- Od wielu miesięcy postulujemy o ograniczenie uboju gospodarczego w strefach występowania wirusa ASF ze względu na to, że mięso z takiego uboju nie zawsze jest wykorzystywanie na potrzeby własne gospodarstwa. Zdarzają się sytuacje, że takie mięso bez nadzoru weterynaryjnego trafia na rynek – mówi Aleksander Dargiewicz z Krajowego Związku Pracodawców – Producentów Trzody Chlewnej.

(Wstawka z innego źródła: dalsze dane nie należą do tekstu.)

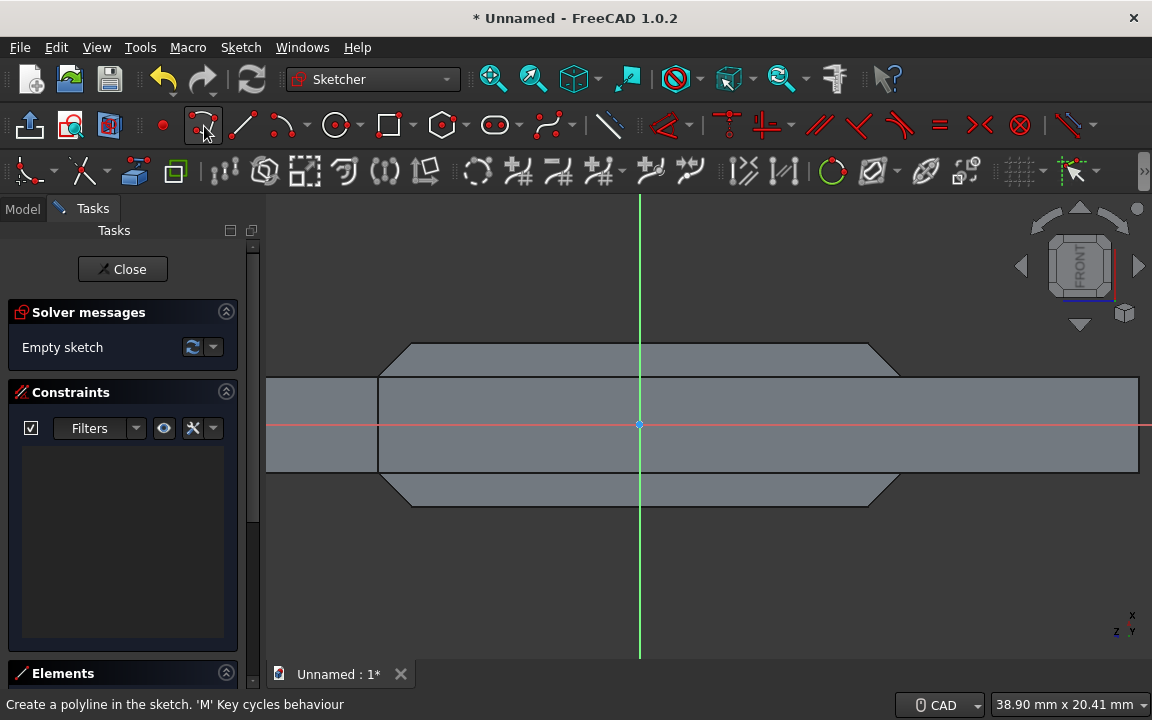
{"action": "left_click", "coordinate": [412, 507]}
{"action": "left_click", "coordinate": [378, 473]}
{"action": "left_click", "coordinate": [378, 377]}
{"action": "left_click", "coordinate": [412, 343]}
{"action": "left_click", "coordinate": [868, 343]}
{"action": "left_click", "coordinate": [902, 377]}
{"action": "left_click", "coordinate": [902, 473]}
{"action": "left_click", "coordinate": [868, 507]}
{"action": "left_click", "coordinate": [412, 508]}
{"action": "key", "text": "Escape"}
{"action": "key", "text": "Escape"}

Skokowe rozprzestrzenianie się wirusa ASF jest coraz powszechniejsze
Skokowe występowanie wirusa na terenach, w których wcześniej wirus był nieobecny jest częstym zjawiskiem. Bardzo dobrym przykładem tego są przypadki wystąpienia ASF u dzików w Czechach i na Węgrzech.
- W Polsce przeniesienie wirusa za Wisłę prawdopodobnie miało miejsce w skutek zakażonych odpadków wieprzowych pozostawionych w miejscu dostępnym dla dzików. Zmiana przepisów, która umożliwiłaby uboje tylko w rzeźniach zarejestrowanych i nadzorowanych przez lekarzy weterynarii, ograniczyłaby to ryzyko – podaje Związek.